(U-WIRE) WASHINGTON – In the $2.57 billion budget he unveiled before Congress last week, President Bush called for an overhaul of financial aid in higher education and a major reorganization of aid aimed at helping disadvantaged students.
While the overall education budget would be cut by about one percent, the first reduction in 10 years, the president’s proposal would increase overall aid to poor districts by 4.7 percent, to $13.3 billion.
Bush called for a $1.3 billion addition to the Pell Grant program, a 45 percent increase. Under the plan, Pell awards would benefit more low-income students and the maximum award would grow $500 to $4,550 over five years.
Funding for the Pell awards would come from cuts in subsidies to lenders and an elimination of federal dollars going to the Perkins loan program.
Secretary of Education Margaret Spellings praised the budget in an address to the American Council on Higher Education Monday.
“This is truly a reform budget when it comes to student loans,” she said.
Bush’s plan would maintain a “variable” interest rate formula on student loans, which the Department of Education said would reduce the amount of interest students would have to repay with loans. Annual subsidized loan limits would rise to $3,500 for first-year students and $4,500 for second-year students.
But the president provoked controversy from both parties in Congress by asking for $529.6 million in cuts to federal education spending.
His plan would end all federal spending on vocational education, $1.2 billion, and eliminate a slew of high school programs aimed at helping low-income students such as Upward Bound, Talent Search and GEAR UP. Some of the freed funds would be directed toward a new effort to implement No Child Left Behind reforms such as remedial reading classes and mandatory federal testing at the high school level.
Republican Sen. Arlen Specter, Chair of the Senate Subcommittee on Labor, Health and Human Services and Education, was skeptical of the president’s proposals.
“Funding for Pell Grants, which has received considerable public attention, is only one of many worthy education programs deserving continued support,” Specter said in the Washington Post. “The president’s support for increased money for Pell Grants is commendable, but there is no net gain to education if those increases come from cutting or eliminating other important programs.”
The ranking Democrat on the Senate education subcommittee, Tom Harkin of Iowa, asked Congress to reject the education budget.
“The president eliminates $2.1 billion for high schools, replaces it with $1.5 billion, and calls it an ‘initiative.’ That is exactly the kind of help our schools can do without,” Harkin said in a statement.

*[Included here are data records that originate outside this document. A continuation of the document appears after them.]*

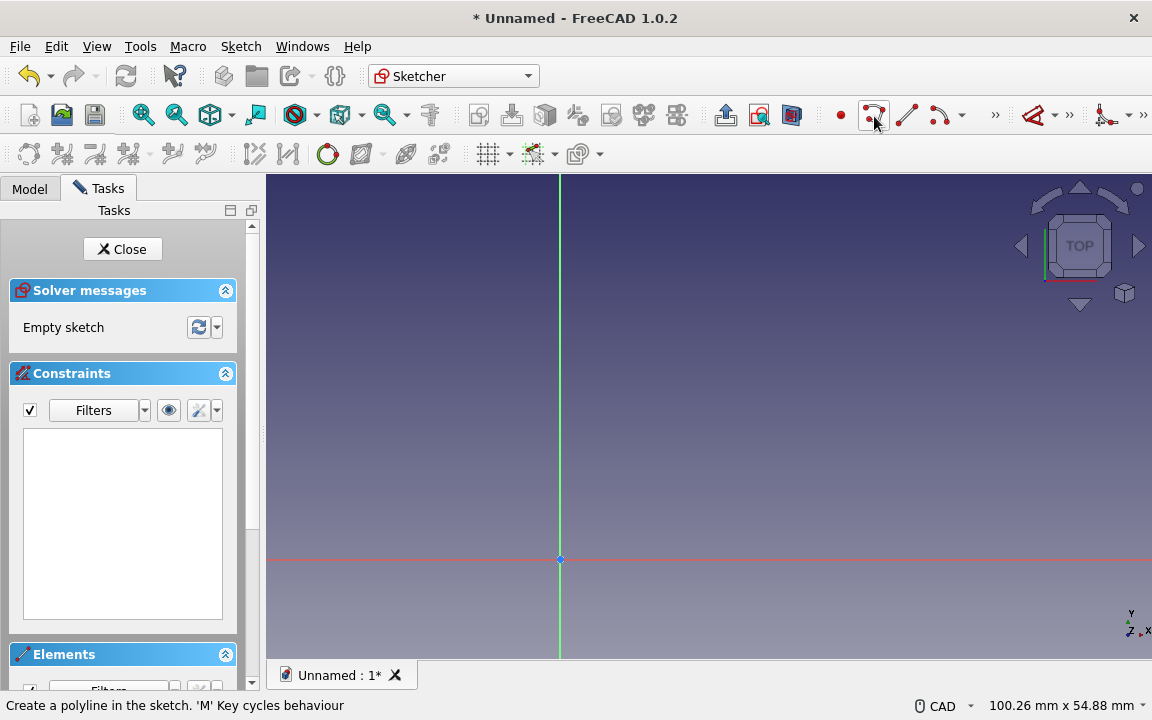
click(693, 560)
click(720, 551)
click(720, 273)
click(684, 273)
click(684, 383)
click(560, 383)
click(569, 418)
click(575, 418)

Harkin also cited a $12 billion shortfall in funding originally planned to implement No Child Left Behind when the law was enacted in 2002.

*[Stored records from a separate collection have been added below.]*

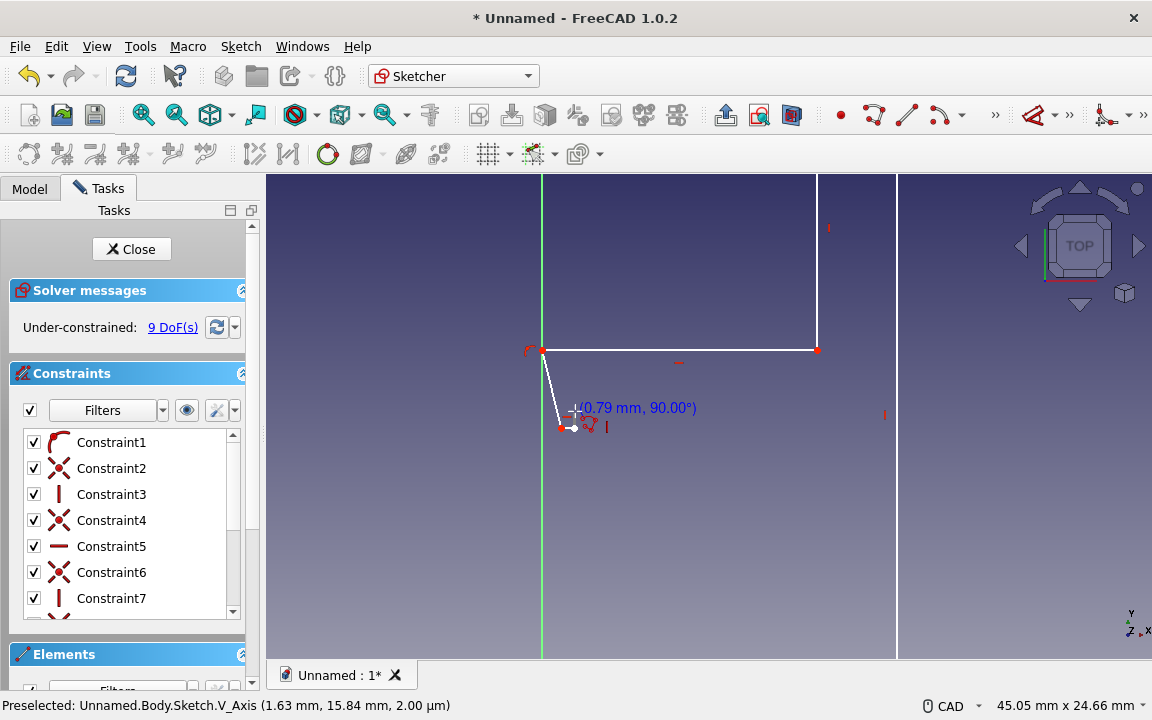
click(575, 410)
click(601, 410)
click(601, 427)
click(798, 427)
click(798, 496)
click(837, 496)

Along with other Democratic lawmakers, Harkin applauded the boost to the Pell Grant program but criticized the president for not meeting a campaign promise made in 2000 to increase the maximum award to $5,100. Bush’s focus on high schools would come in the form of $2 billion aimed at helping struggling students, math and science partnerships and Advanced Placement tests. He would require state math and reading testing in grades nine to 11, an expansion of two years.